All but one of the characters in The Emperor’s New Clothes would feel right at home in the 21st Century. Today the pint-sized realist of the story would be silenced long before his words of truth reached any ruler’s delicate ears.

When you mute the still, small voices, you might be proceeding headlong toward embarrassment, shame, regret, damage, and disaster.

I am a child of the 1960s and a teenager of the ’70s, so the arguments favoring recreational use of marijuana are not new to me. Cigarette smoking was common among my high school classmates, and it was permitted outdoors; so scores of youth stood outside our three cafeterias over lunch hour—rain or shine, hot or cold. Everyone, including teachers, knew that joints were being smoked there too, and that you could buy marijuana and other drugs in the woods on the way to or from school.
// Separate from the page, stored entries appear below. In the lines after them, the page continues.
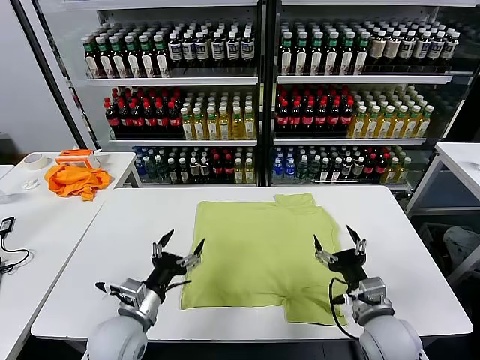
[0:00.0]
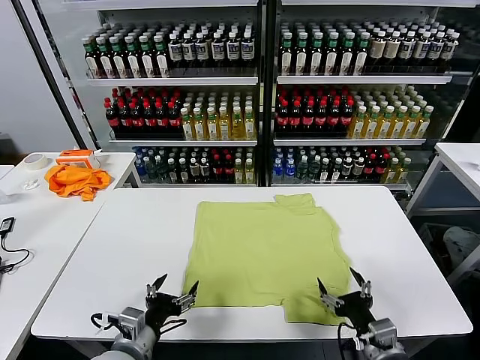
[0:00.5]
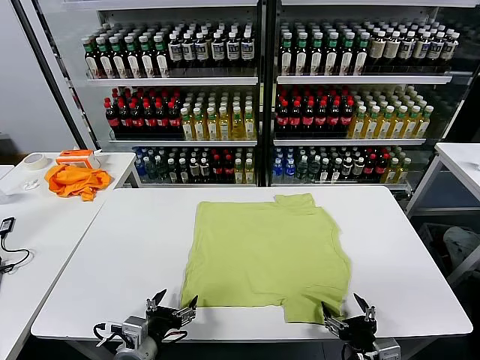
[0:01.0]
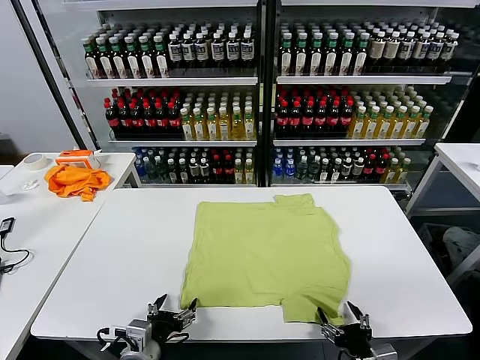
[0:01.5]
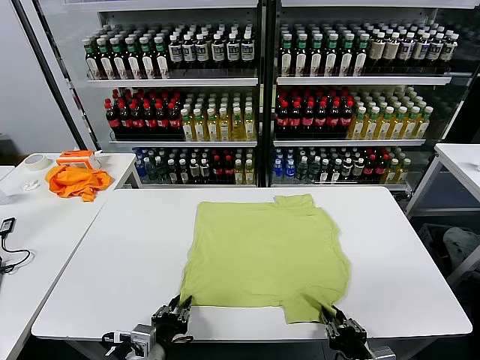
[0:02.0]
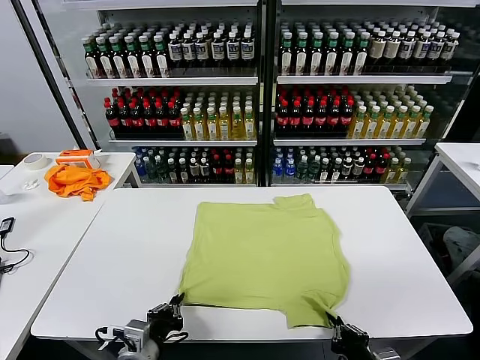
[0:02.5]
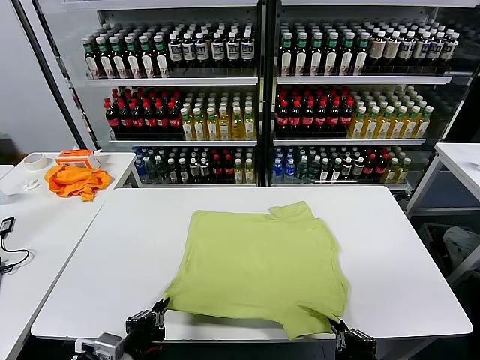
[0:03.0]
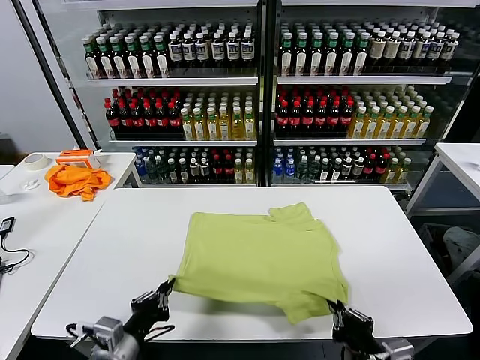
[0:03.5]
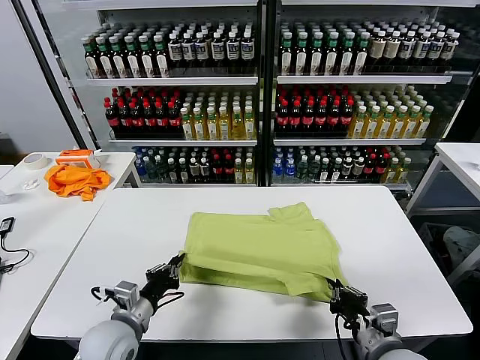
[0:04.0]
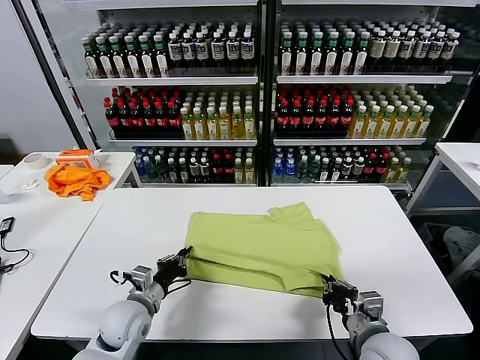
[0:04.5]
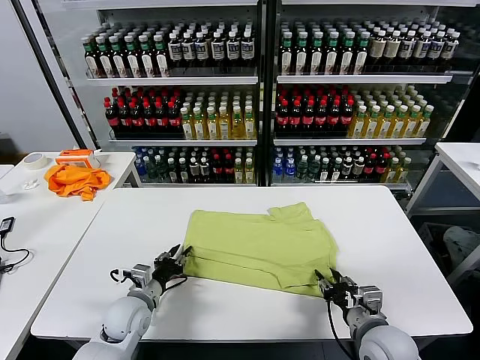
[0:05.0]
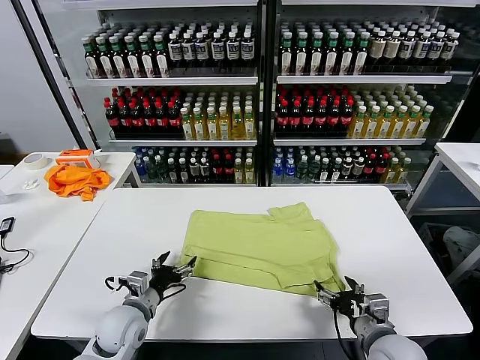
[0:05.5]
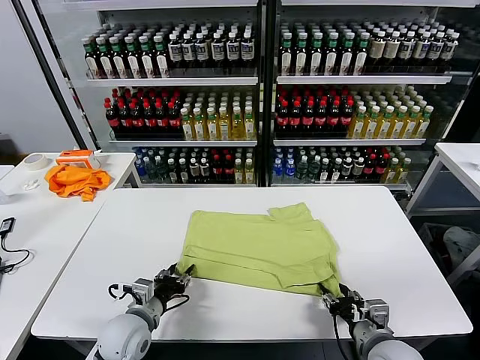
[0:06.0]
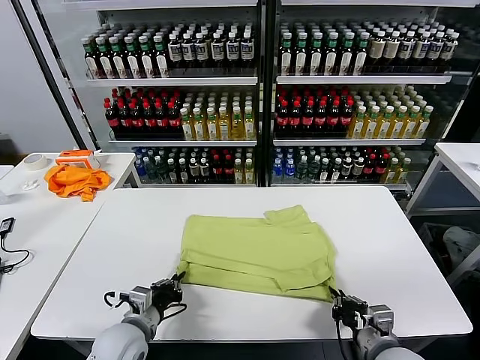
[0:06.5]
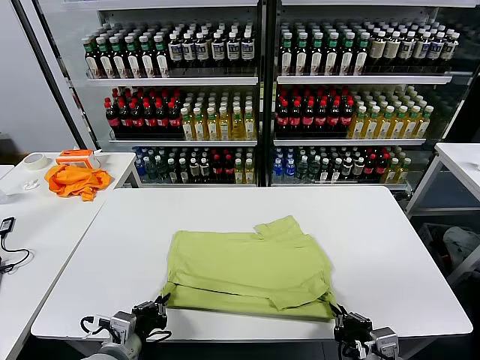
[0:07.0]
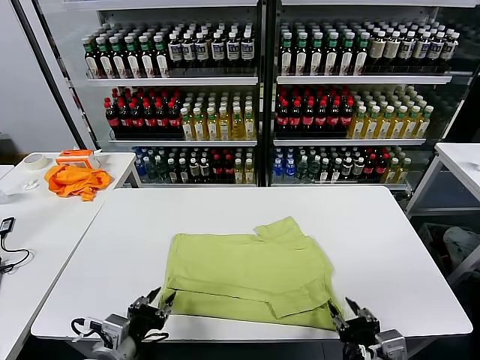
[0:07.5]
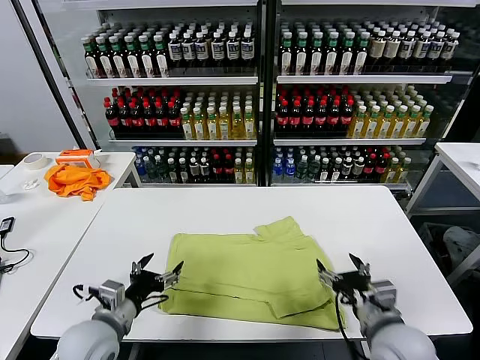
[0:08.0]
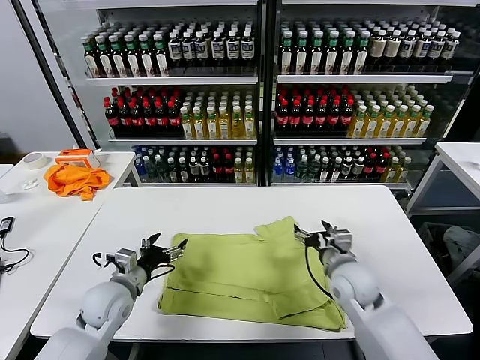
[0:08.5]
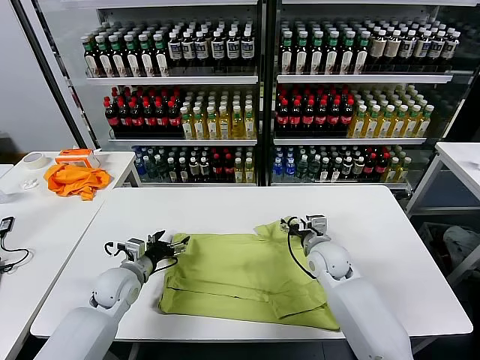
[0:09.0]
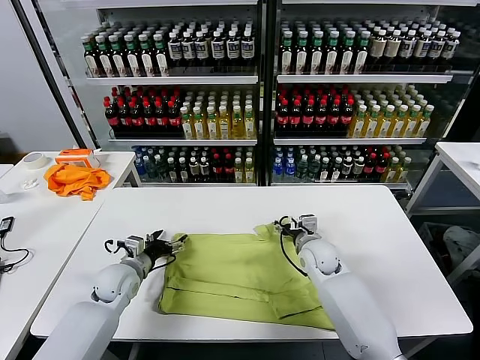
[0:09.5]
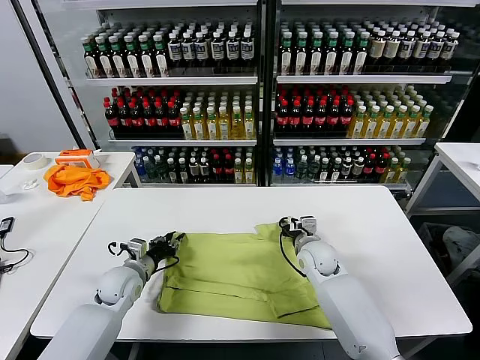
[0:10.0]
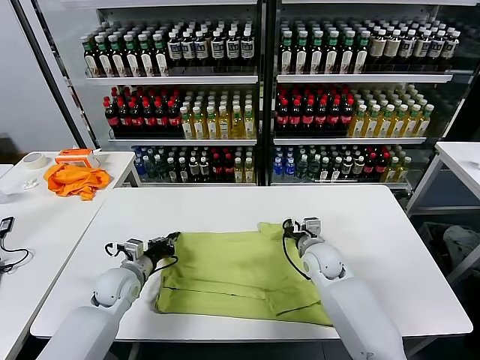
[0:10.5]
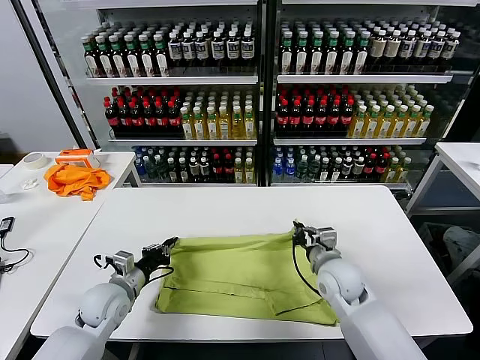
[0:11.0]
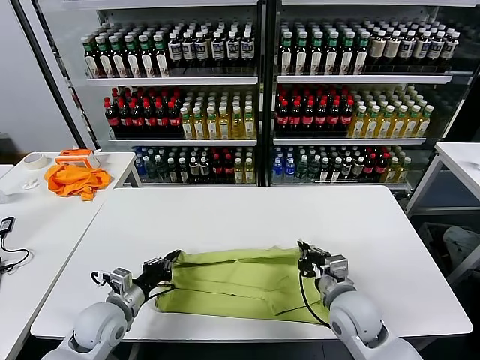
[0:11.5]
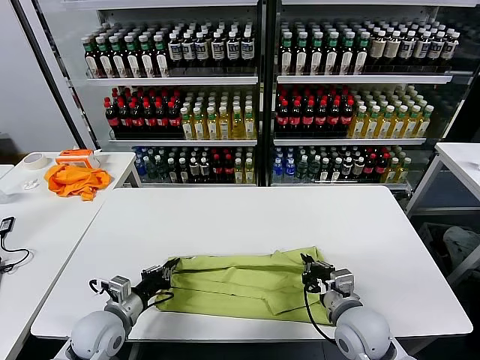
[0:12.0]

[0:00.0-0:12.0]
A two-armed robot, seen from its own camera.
Task of the whole recording: fold and organize the clothes.
Step, 0:00.0 to 0:02.0: use both grippers simultaneously to clamp the lower edge of the clothing fabric.
Step, 0:02.5 to 0:04.5: use both grippers to drag the lower edge of the fabric forward and fold it over the upper edge.
Step, 0:05.0 to 0:07.0: Drag the clothes downward with both gripper.
Step, 0:07.5 to 0:10.0: use both grippers simultaneously to clamp the upper edge of the clothing fabric.
0:02.0 to 0:04.0: The left gripper shifts roughly 10 cm forward, while the right gripper moves forward and upward, roughly 10 cm.
0:04.0 to 0:06.0: The right gripper opens its fingers; the left gripper opens up.
0:06.0 to 0:08.0: Both grippers move upward, about 5 cm. The left gripper moves about 10 cm backward and comes back, and opens its fingers, while the right gripper opens up.
0:08.0 to 0:10.0: The right gripper heads forward, covering approximately 20 cm, and closes, while the left gripper is displaced forward and downward by some 15 cm, and closes up.
0:10.0 to 0:12.0: The right gripper heads backward, covering approximately 20 cm. The left gripper travels backward by some 10 cm.

We also knew that smoking marijuana produced predictable effects, some of which were considered desirable for short periods of time. We knew that regular smoking of marijuana brought less desirable but equally discernible effects.

To this day, we laugh at characterizations of “potheads” and know that the stereotype matches regular users we’ve known. Such people can be relaxed to the point of laziness, less focused on reality, slower, less ambitious. But addiction can get ugly. I know a man in his late 50s who has been addicted to pot since age 11. He readily says he ruined his life with it.
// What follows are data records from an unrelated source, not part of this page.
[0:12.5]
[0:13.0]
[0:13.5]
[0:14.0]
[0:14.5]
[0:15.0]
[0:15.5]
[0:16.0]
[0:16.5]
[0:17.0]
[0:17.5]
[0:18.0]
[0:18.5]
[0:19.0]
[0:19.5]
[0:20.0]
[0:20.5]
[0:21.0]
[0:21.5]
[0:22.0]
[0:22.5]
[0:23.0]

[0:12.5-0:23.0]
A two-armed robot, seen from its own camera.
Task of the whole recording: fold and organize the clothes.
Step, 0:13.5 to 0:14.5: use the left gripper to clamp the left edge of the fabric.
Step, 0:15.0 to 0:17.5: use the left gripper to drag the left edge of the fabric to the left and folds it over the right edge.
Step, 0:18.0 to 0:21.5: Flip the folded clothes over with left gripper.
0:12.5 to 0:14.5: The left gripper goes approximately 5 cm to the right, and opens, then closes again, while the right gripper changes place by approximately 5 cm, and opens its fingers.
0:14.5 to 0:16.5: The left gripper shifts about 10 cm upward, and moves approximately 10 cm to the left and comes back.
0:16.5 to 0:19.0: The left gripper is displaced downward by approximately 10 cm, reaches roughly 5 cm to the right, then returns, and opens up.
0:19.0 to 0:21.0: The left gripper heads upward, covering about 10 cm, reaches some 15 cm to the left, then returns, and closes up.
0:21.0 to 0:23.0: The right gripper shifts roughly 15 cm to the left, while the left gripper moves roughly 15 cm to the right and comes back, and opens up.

Marijuana leads to various kinds of impairment with various degrees of consequence, but most of them stop being funny pretty quickly. This week three teenagers watched, filmed, and mocked a drowning disabled man for several minutes and then walked away without notifying anyone. His body was recovered days later, and the truth was discovered when a relative of the deceased saw the video on social meda. As shocking as the story is, and as much as it betrays deep sin problems, no one was shocked to learn that the teens were under the influence of marijuana.

Why would entire states of voters want their residents to be less clear-headed, less productive, less civil? The 1960s generation has lost its backbone, and lost its mind. The high-sounding goals of unfettered love and communal peace have evolved into bourgeois capitalism and selfish immorality. We are the hypocrites of our parents’ generation, wrapped in tie-dyed clothes to appear radically new.

We are in the Age of the Emporer’s New Clothes, where we pursue the allure of free love and ignore the ugliness of disposable lovers and discarded babies. We have replaced communal ideals with the pursuit of riches through gambling or otherwise spending time and money on things that don’t satisfy. We call for peace in the world without changing our lifestyle to pursue peace with our neighbors. We pursue the altered state brought by drugs and alcohol while we fill our rehab centers, homeless shelters, prisons, and cemeteries.

Does anyone see a need for the gospel here?